# Magnetic field in a tv set

• shaffeb
In summary, the problem involves finding the maximum magnetic force experienced by an electron accelerated through a potential difference of 19kV and passing through a 0.28T magnetic field. Using the equations F=qvBsin(theta) and E=-V/x, the maximum force can be found by solving for F when sin(theta)=1, q=e=charge on electron, and the known values of speed and magnetic field strength.

## Homework Statement

In a television set, electrons are accelerated from rest through a potential difference of 19kV. The electrons then pass through a 0.28T magnetic field that deflects them to the appropriate spot on the screen. Find the magnitude of the maximum magnetic force that an electron can experience.

F=qvBsin(theta)
E=-V/x

## The Attempt at a Solution

I am trying to figure out where the potential difference comes into play but am not sure because E and x are not given. Any hints would be great, thanks.

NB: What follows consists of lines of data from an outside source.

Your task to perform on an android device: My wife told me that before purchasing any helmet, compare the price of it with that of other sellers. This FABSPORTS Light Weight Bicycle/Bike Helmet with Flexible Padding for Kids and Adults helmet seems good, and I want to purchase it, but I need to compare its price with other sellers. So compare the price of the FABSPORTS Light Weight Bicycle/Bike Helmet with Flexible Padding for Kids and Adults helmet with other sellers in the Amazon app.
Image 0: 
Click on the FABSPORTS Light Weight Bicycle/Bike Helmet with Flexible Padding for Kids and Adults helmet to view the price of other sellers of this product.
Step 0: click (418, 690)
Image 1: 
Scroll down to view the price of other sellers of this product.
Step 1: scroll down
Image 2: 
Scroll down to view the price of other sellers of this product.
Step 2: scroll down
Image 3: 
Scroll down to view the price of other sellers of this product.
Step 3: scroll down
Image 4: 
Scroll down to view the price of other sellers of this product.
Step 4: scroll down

When the electrons are accelerated across the potential given, they gain kinetic energy =eV, where e is the charge on the electron. Using this, you can find the speed of the electron once it leaves the electric field and enters the magnetic field.

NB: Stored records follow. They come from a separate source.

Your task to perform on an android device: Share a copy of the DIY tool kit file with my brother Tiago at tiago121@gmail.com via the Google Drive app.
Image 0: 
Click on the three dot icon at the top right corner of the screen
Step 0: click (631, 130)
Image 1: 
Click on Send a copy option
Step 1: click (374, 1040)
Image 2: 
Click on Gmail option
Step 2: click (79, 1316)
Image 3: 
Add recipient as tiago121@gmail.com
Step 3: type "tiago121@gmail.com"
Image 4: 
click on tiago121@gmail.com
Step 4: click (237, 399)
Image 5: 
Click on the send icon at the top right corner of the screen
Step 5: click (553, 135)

Then, the maximum magnetic force will be when sin(theta)=1. The speed you know, the magnetic field strength you know, and q=e=charge on electon. Solve for F.

I would approach this problem by first understanding the basic principles of electromagnetism. In this case, we are dealing with the interaction between an electric field and a magnetic field.

The potential difference of 19kV is the electric potential difference that accelerates the electrons from rest. This creates a uniform electric field within the television set. As the electrons pass through this electric field, they gain kinetic energy and are then directed towards the screen.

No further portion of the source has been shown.